I'm an avid Billy Crystal fan, and though he's not the star of the film, I was really looking forward to this movie--being that he also co-wrote the script. There are some trademark zingers you'd anticipate from the Oscar's favorite MC: "Sixty pounds? That's a Backstreet Boy."
The cast is superb. Hank Azaria, like always, steals the show. He is absolutely hilarious as Catherine Zeta-Jones' new Spanish lover. There is a great scene near the end where he gets outraged at a rumor of his inadequate "size." Just like his role as the flamboyant butler in "The Birdcage" he brings out tons of laughs, taking on a phony accent. He really is a man of extraordinary talent. John Cusack shows us his more...goofy side. I've always enjoyed him in past movies, but he usually plays the straight man. This was something different. Well, I guess you can say he plays the straight man, but he stumbles into all sorts of slapstick situations that causes him to overreact in comic fashions. And he's great at it! Julia Roberts is...well...Julia Roberts. I have nothing against Julia, but I don't patronize her in the same way others do. I don't think she's the most beautiful woman and I don't think she's the most brilliant actress. But I'm sure many were looking forward to this movie because of Julia, and if you're one of those people, you won't be disappointed. Catherine Zeta-Jones is extremely beautiful, but she is so great as the whiny, bitchy ex-wife of Cusack/spoiled actress that I wanted to stab her every moment she was on screen.
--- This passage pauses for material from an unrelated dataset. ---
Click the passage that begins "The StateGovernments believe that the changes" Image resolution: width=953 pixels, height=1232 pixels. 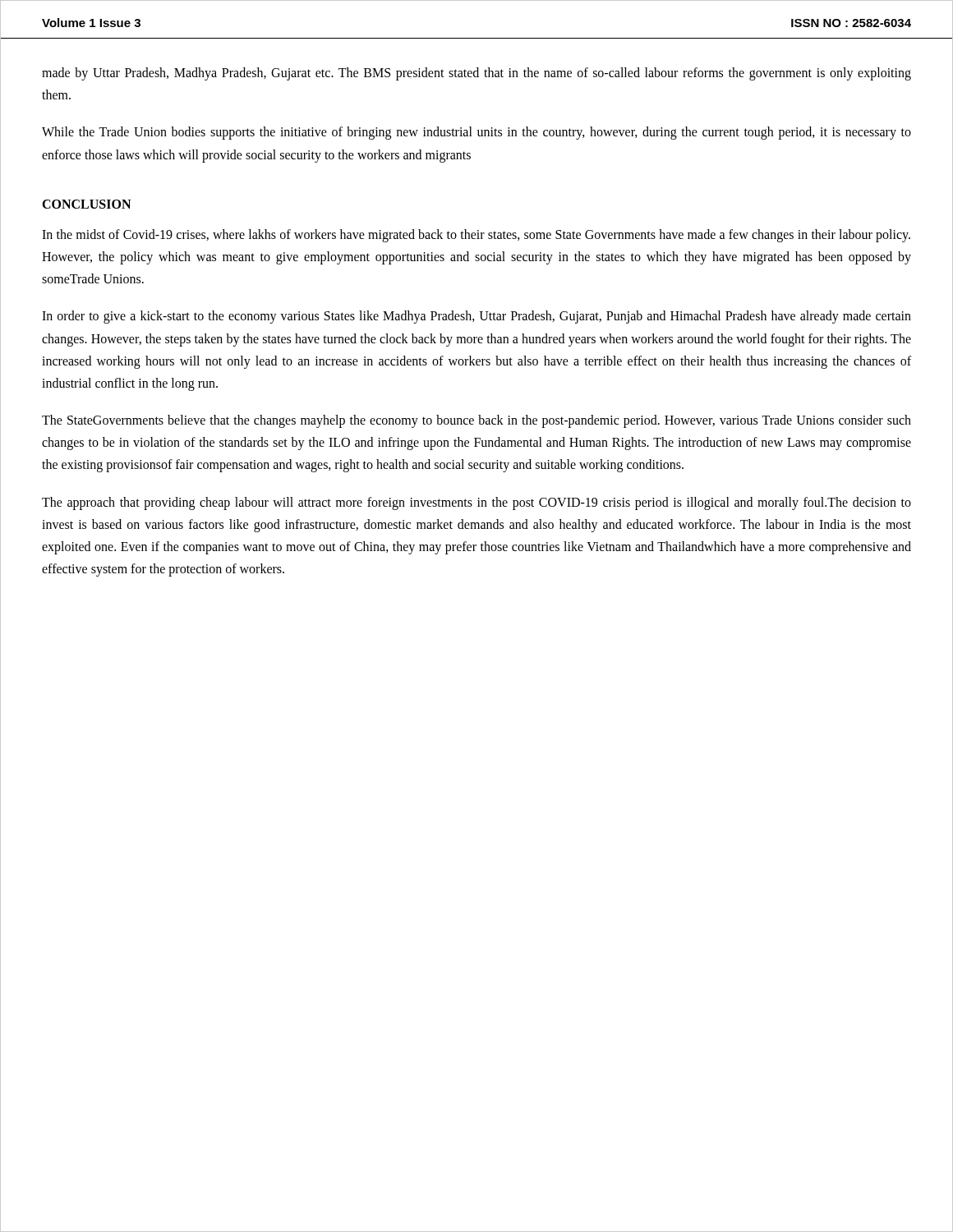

Alan Arkin is funny as the pretentious, preposterous spiritual healer. There is a great deleted scene with him and Cusack over the phone, while Arkin rides the streets of Vegas in a pink convertible. Those renting the DVD--don't skip the deleted scenes! And last but not least, Christopher Walken (Da Man!) has a brief but memorable appearance as reclusive director Hal Wideman.
Don't expect any surprises. The story's as predictable as can be. The whole movie is superficial fluff. But it's enjoyable superficial fluff. If you just want to kick back, have some good laughs, without having to kill any brain cells--curl up on the couch with your man or woman and watch "America's Sweethearts."